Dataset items
★ ★ ★ ★
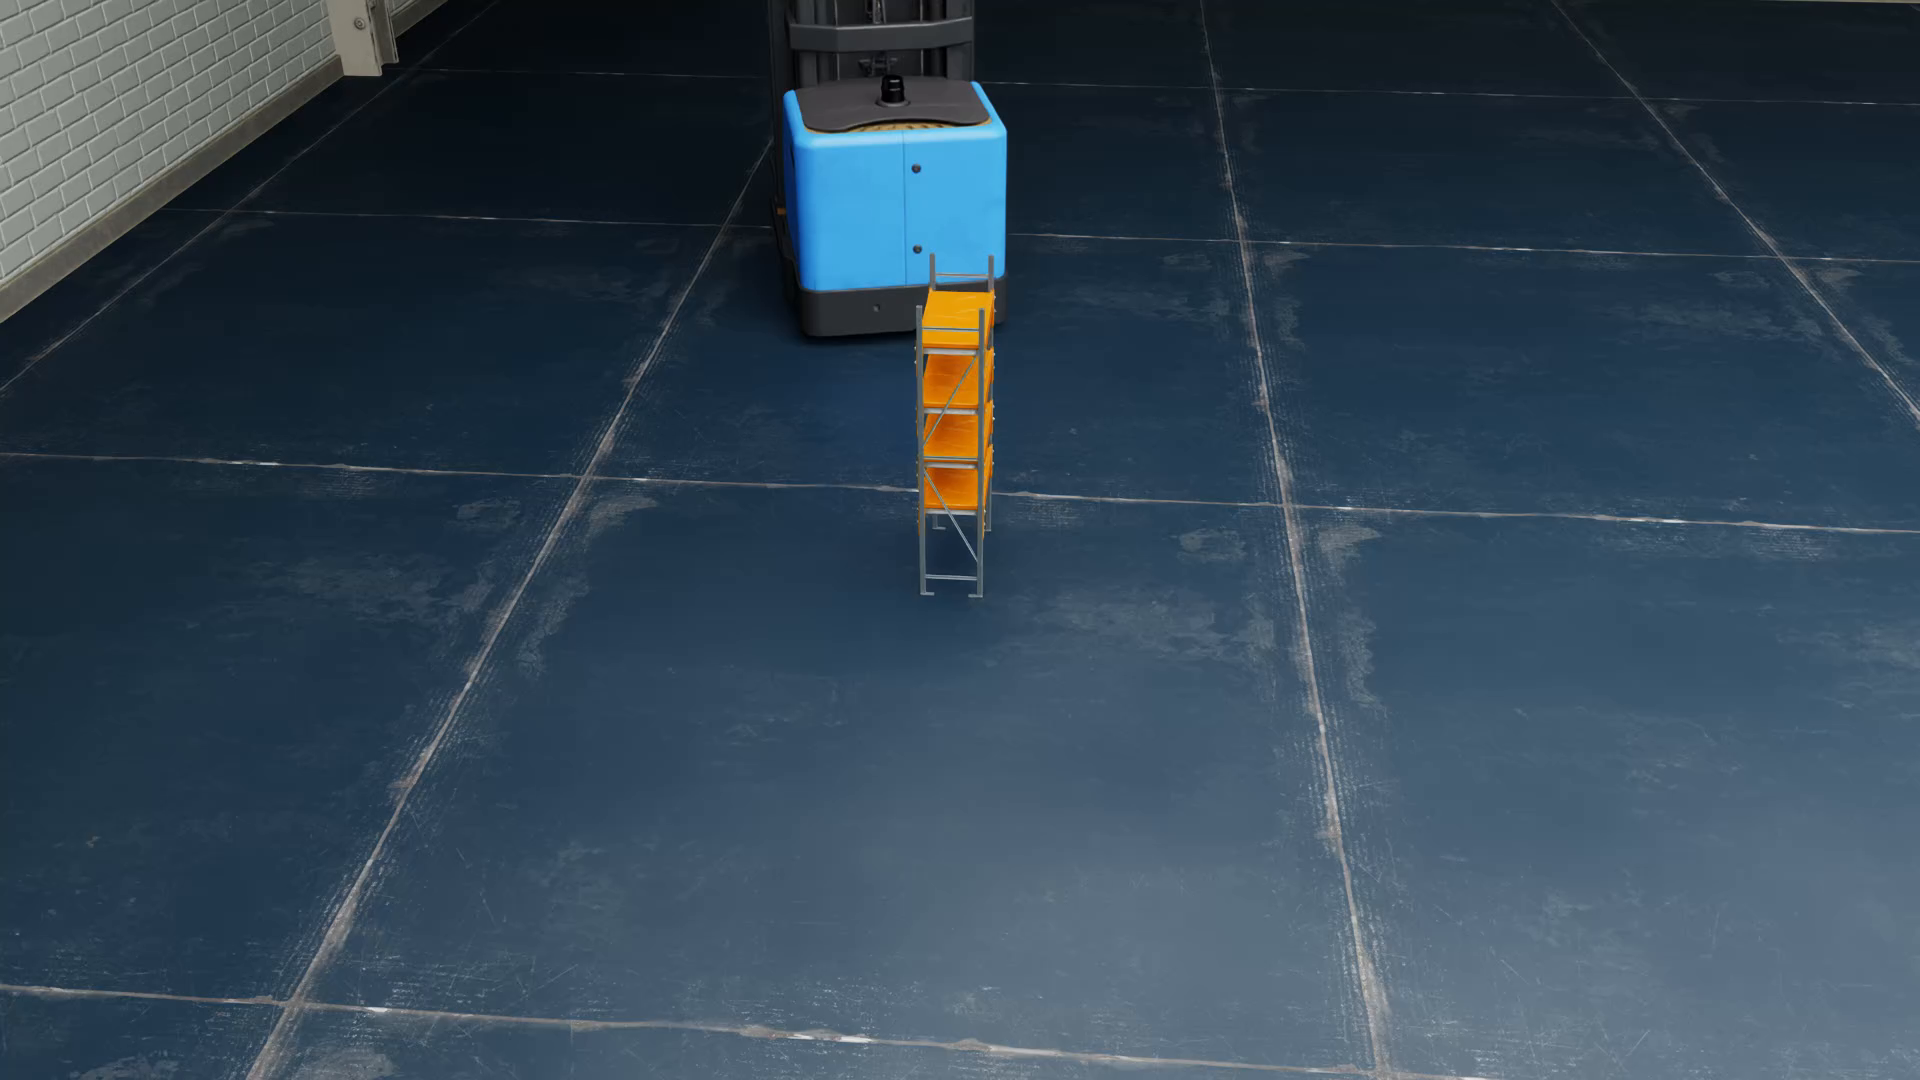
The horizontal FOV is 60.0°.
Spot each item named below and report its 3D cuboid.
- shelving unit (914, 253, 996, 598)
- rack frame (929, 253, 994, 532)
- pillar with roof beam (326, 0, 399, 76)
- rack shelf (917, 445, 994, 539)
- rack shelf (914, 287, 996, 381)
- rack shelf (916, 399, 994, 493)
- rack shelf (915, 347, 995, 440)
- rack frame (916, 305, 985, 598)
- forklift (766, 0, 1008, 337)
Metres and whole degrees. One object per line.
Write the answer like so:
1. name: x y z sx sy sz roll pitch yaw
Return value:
★ ★ ★ ★
Task prompt
Leaving the pictures out, set down all of the data again exactly.

Your solution
The horizontal FOV is 60.0°.
Spot each item named below and report its 3D cuboid.
- shelving unit (914, 253, 996, 598)
- rack frame (929, 253, 994, 532)
- pillar with roof beam (326, 0, 399, 76)
- rack shelf (917, 445, 994, 539)
- rack shelf (914, 287, 996, 381)
- rack shelf (916, 399, 994, 493)
- rack shelf (915, 347, 995, 440)
- rack frame (916, 305, 985, 598)
- forklift (766, 0, 1008, 337)
Metres and whole degrees. One object per line.
Write the answer like so:
1. name: x y z sx sy sz roll pitch yaw
Return value:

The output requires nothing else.